Investigaciones recientes a cargo de profesores del IESE han analizado una serie de razones, a veces inesperadas, por las cuales tomamos decisiones. A continuación, algunas de las conclusiones, y qué hacer para asegurarnos de decidir mejor:

Arriesgamos más con porcentajes: Nuestra actitud frente al riesgo es diferente cuando las opciones se presentan en porcentajes o fracciones, que cuando aparecen en cifras, sin límite superior. En otras palabras, reaccionaremos de forma distinta si las pérdidas potenciales se presentan como un 10%, en vez de 2.000 euros, incluso si objetivamente son lo mismo.

  • ¿Qué puedes hacer? Prueba a enmarcar las opciones tanto en un porcentaje como una cifra antes de tomar decisiones, para así asegurarte de que este sesgo no te está afectando. También debes ser consciente de que presentar las opciones como porcentajes puede resultar más convincente ante clientes adversos al riesgo.

Magnificamos los extremos: Mientras que los votantes de Hillary Clinton suelen creer que la política extremista de Donald Trump sobre inmigración influyó de manera importante en sus votantes, estos declaran haber dado más importancia a su política económica. Se ha demostrado que tendemos a ponderar en exceso las posiciones más extremas con el fin de formarnos un criterio rápidamente. Este factor puede hacer que no consideremos otros factores, adicionales o alternativos, que podrían haber influido en esa elección.

  • ¿Qué puedes hacer? Cuestiónate qué posturas empresariales o personas has desestimado por su aparente extremismo. A continuación, pregúntate si podría ser errónea alguna de las inferencias que hiciste sobre ellas, y qué otra información podría ayudarte a comprenderlas mejor.

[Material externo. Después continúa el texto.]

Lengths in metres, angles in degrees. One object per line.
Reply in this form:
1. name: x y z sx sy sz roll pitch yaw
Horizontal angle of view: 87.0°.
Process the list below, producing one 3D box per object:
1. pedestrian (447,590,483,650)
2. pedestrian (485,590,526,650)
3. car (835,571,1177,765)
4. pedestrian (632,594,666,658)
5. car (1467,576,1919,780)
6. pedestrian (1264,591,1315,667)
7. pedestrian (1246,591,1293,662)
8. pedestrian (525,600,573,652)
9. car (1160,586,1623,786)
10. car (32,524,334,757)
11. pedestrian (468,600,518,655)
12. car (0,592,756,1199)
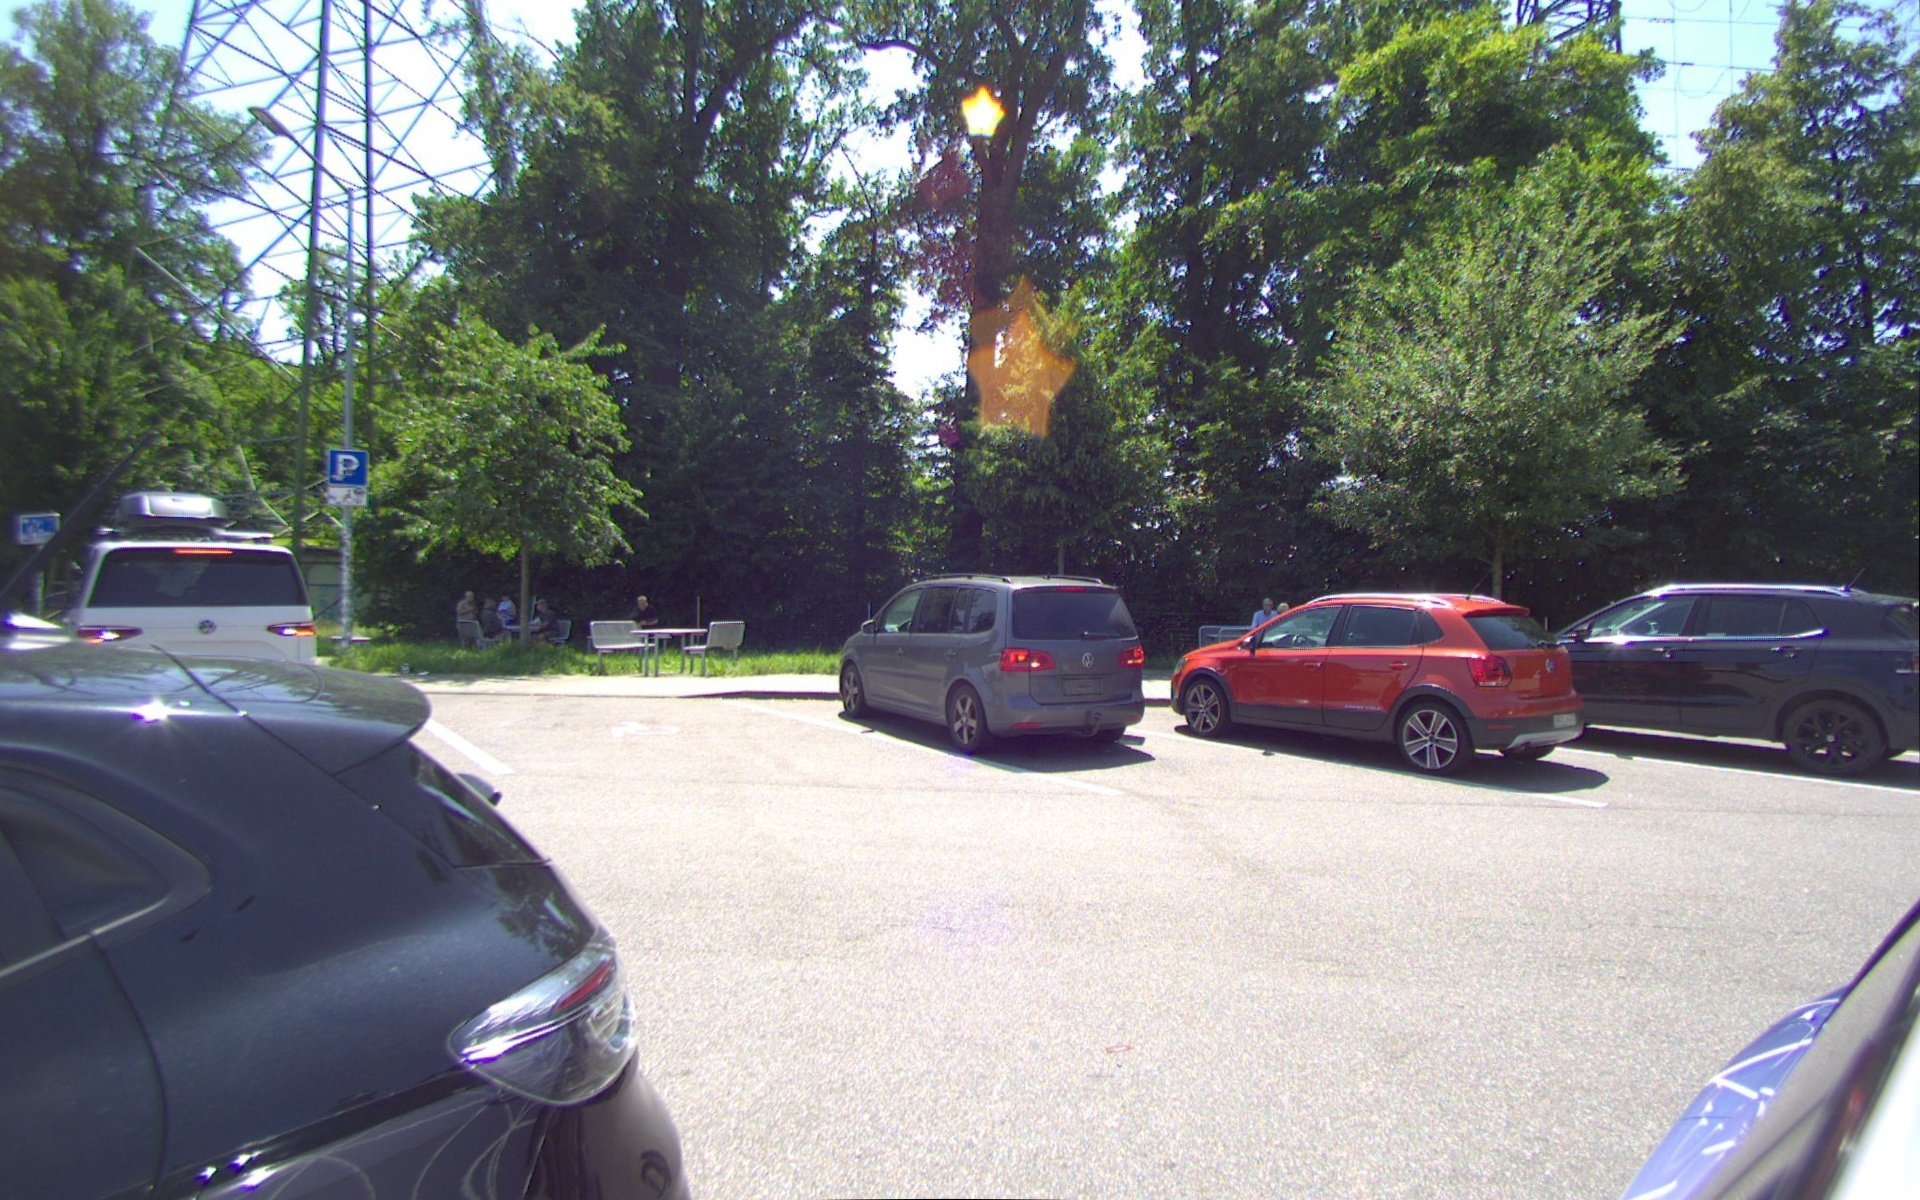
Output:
1. pedestrian: -12.106 0.480 24.738 0.657 1.422 0.649 0 0 -39
2. pedestrian: -11.020 0.476 24.544 0.664 1.422 0.643 0 0 32
3. car: 0.256 0.526 10.530 1.713 1.601 3.996 0 1 -29
4. pedestrian: -6.542 0.535 21.293 0.655 1.311 0.786 0 0 -16
5. car: 7.183 0.581 9.720 1.690 1.593 3.787 0 1 -39
6. pedestrian: 5.784 0.497 17.783 0.657 1.311 0.783 0 0 3
7. pedestrian: 5.788 0.486 18.977 0.657 1.311 0.783 0 0 3
8. pedestrian: -9.599 0.591 23.638 0.873 1.192 0.668 0 0 -41
9. car: 3.856 0.617 9.661 1.687 1.484 3.793 0 1 -32
10. car: -8.354 0.296 10.705 4.549 1.936 1.882 1 1 44
11. pedestrian: -10.514 0.604 22.783 0.873 1.192 0.668 0 0 -41
12. car: -2.200 0.726 0.612 1.737 1.501 3.757 0 -1 44
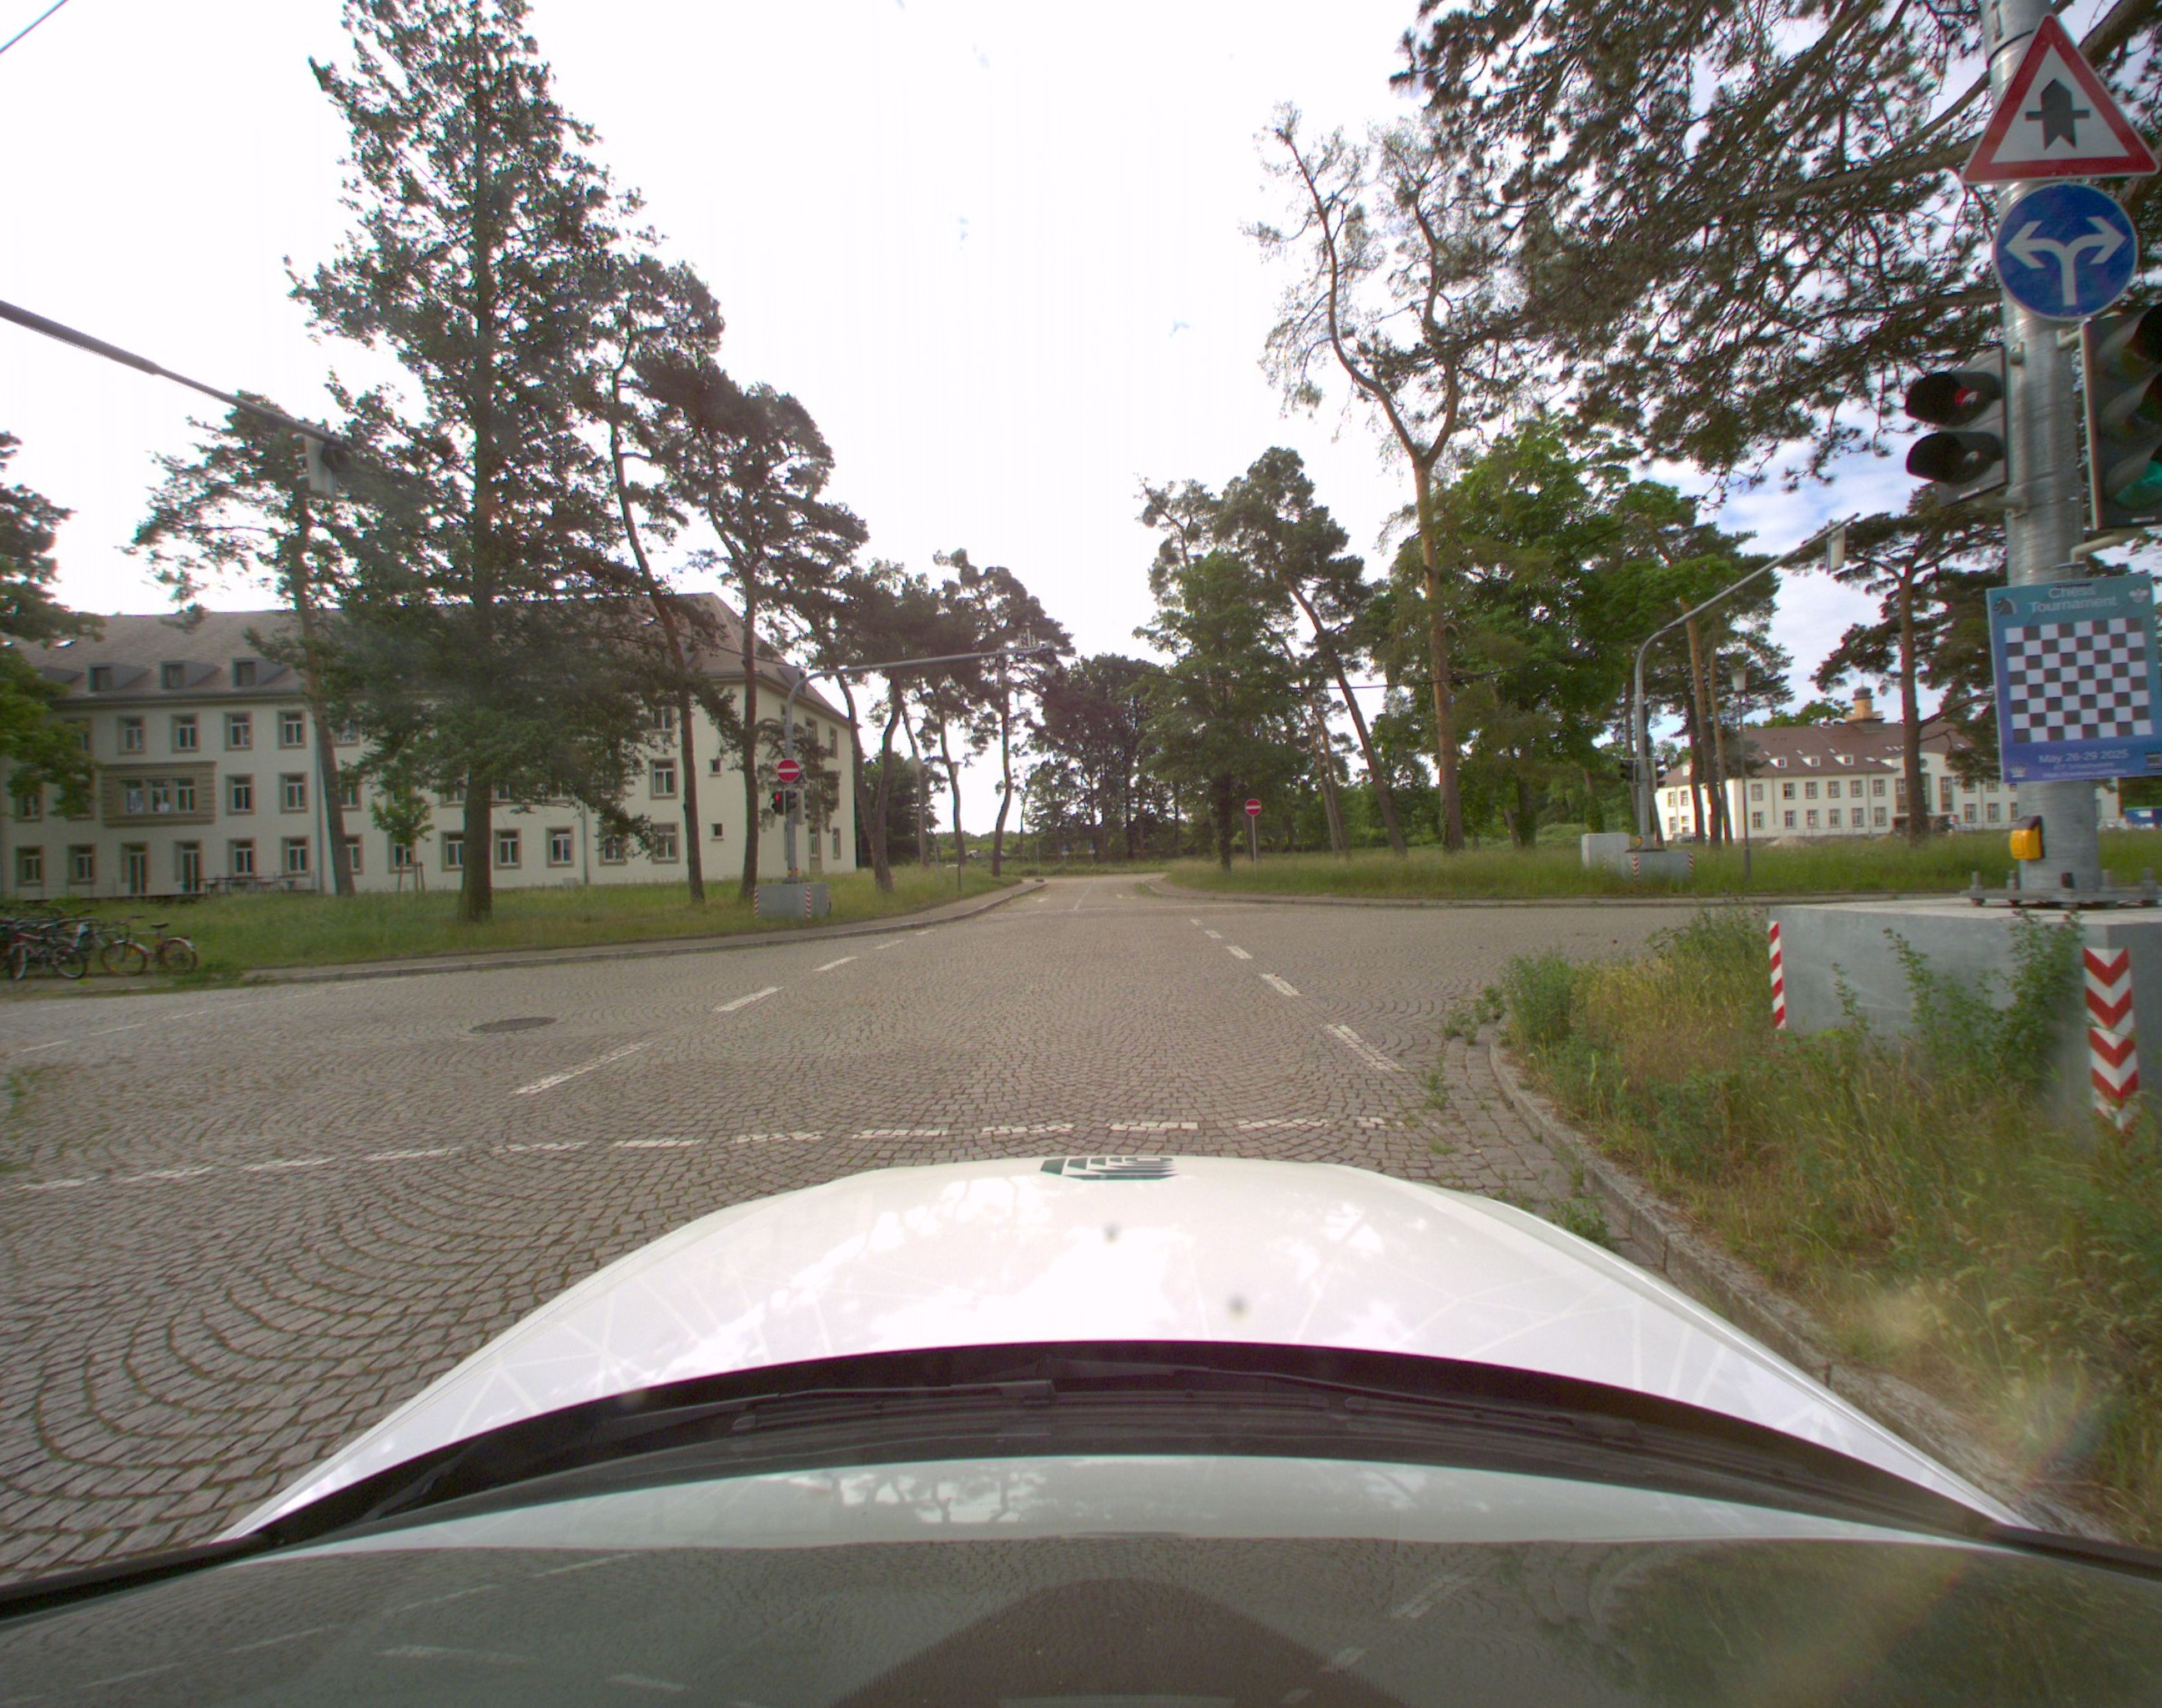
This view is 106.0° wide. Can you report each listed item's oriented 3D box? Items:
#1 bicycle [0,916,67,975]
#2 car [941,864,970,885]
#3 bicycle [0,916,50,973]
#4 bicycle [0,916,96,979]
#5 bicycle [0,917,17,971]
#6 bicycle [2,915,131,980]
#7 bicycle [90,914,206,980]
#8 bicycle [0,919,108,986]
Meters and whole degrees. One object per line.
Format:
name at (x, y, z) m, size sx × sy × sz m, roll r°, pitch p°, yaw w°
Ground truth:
bicycle at (-21.228, 1.825, 16.015) m, size 0.512 × 1.079 × 1.586 m, roll -3°, pitch -1°, yaw 2°
car at (-11.126, 1.797, 72.431) m, size 1.987 × 1.846 × 3.998 m, roll -1°, pitch 0°, yaw -1°
bicycle at (-21.589, 1.828, 16.027) m, size 0.512 × 1.079 × 1.586 m, roll -3°, pitch -1°, yaw 2°
bicycle at (-20.528, 1.816, 15.909) m, size 0.512 × 1.079 × 1.587 m, roll -3°, pitch -1°, yaw 5°
bicycle at (-22.220, 1.845, 15.992) m, size 0.512 × 1.079 × 1.586 m, roll -3°, pitch -1°, yaw 2°
bicycle at (-19.848, 1.810, 15.985) m, size 0.513 × 1.079 × 1.585 m, roll -3°, pitch -1°, yaw -1°
bicycle at (-16.840, 1.663, 14.711) m, size 1.460 × 1.065 × 0.516 m, roll -3°, pitch -1°, yaw 0°
bicycle at (-18.478, 1.754, 14.574) m, size 1.460 × 1.079 × 0.516 m, roll -3°, pitch -1°, yaw 0°

Demasiada información: Quizás pienses que las herramientas de análisis complejas te permiten ser más competitivo, pero a menudo el mayor volumen de información simplemente conlleva un mayor riesgo. Estudios sugieren que, contrariamente a la creencia de que tener más información siempre es mejor, contar con más fuentes de información puede disparar la percepción de riesgo y dar pie al alarmismo y el despilfarro.

  • ¿Qué puedes hacer? Selecciona sabiamente tu información, así como las herramientas que utilizarás para procesarla y evaluarla. Menos puede ser más.

Somos impredecibles bajo presión: Es posible que te consideres un directivo con la cabeza fría. Sin embargo, estudios demuestran que existe una brecha empática “frío-caliente”, que nos impide prever nuestra respuesta emocional a una situación tensa y acalorada antes de vivirla.

  • ¿Qué puedes hacer? Cuando un directivo afronta los peligros de una escalada competitiva, es tan importante prepararse para competir –por ejemplo, fijando un tope para la puja– como ser consciente de cómo puede afectarle psicológicamente la presión competitiva.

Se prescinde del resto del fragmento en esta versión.